Colored women have a double burden to carry- the burden of race as well as that of sex. White women all over the civilized world showed how great a handicap they though sex was by the desperate efforts they made to secure suffrage. The extreme and violent methods to which the English wo[m]en especially resorted are fresh in our minds. But those white women had only one handicap to overcome. What would they not have done, if they had been obliged to surmount TWO, as we colored women have to do?

There is no doubt that some of the disadvantages under which colored women labor may be removed by their votes. By casting their ballots properly, by putting good men into office and keeping bad men out colored women can do much to remove some of the disabilities under which we live i those sections where their votes are counted. And even in those sections of the country where the fifteenth amendment is not violated, there are many conditions confronting colored people which should and can be removed.

Each group of colored women must study political methods for [itself]. As the first director of the Eastern Division for Colored Women [during] the Harding-Coolidge Campaign I realized more than I had ever done [words missing] that situations, methods and conditions confronting colored [women] materially in the various States. The methods which can be successfully pursued in one State might not work well in another. A great deal depends upon the white leaders of a state and upon their attitude toward colored people on general principles. Much depends upon the breadth and justice of the white women who lead.
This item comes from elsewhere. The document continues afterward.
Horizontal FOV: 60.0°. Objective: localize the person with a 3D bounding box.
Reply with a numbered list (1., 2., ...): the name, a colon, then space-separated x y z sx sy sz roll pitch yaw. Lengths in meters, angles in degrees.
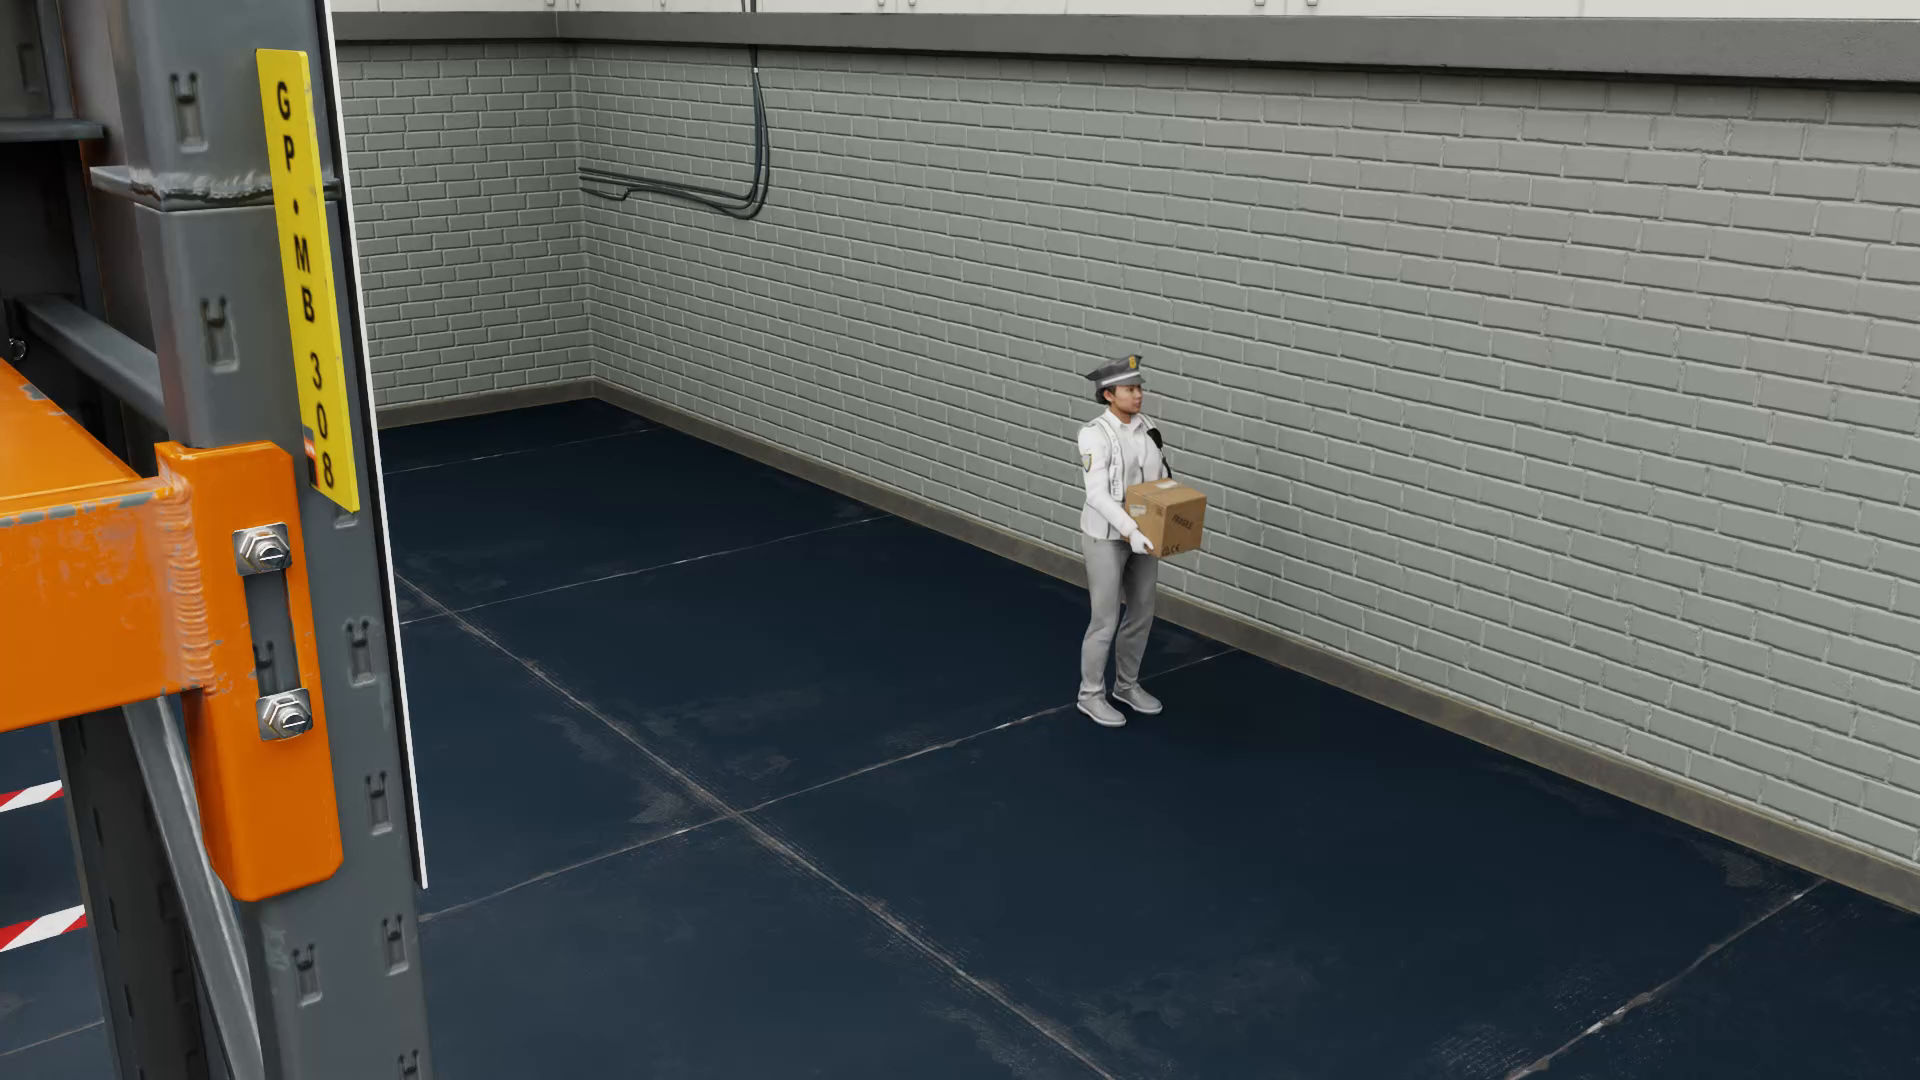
1. person: 0.773 0.010 7.484 0.459 1.686 0.562 -13 22 -35

But there is one thing which colored women can and should do in ever State. They should do everything in their power to get the right men in the primaries There is where they should use diplomacy and tact. If they believe a certain man will deal justly by their race, they might go to him and urge him to become a candidate for governor, or senator (or any other office) for nomination in the primaries of the party to which they belong, assuring him of their support and promising to do everything in their power to secure his selection and election. Colored women must learn to play the political game as they would any other game in which they wished to become proficient and win.

Colored women should certainly watch carefully what the legislatures of their respective States are doing and keep posted on the bills which vitally affect us as a race. The State chairmen on Legislation should keep the women of the various states well informed on the measure which are introduced in their respective Legislatures which will help or hinder our race. A letter is a powerful weapon of defense, when rightly used. Colored women should send letters to their State or National representatives, urging them to take a stand for or against measures in which they are especially interested.

Now that colored women possess the ballot, it will be a terrible reflection upon them, if they do not use it wisely. If colored women fail to study the political situation of their nation, their state, their city or their rowns and cast their ballots for men who will try to improve the conditions under which their group lived, they will certainly be recreant to their trust and perpetrate an irreparable injustice upon their race.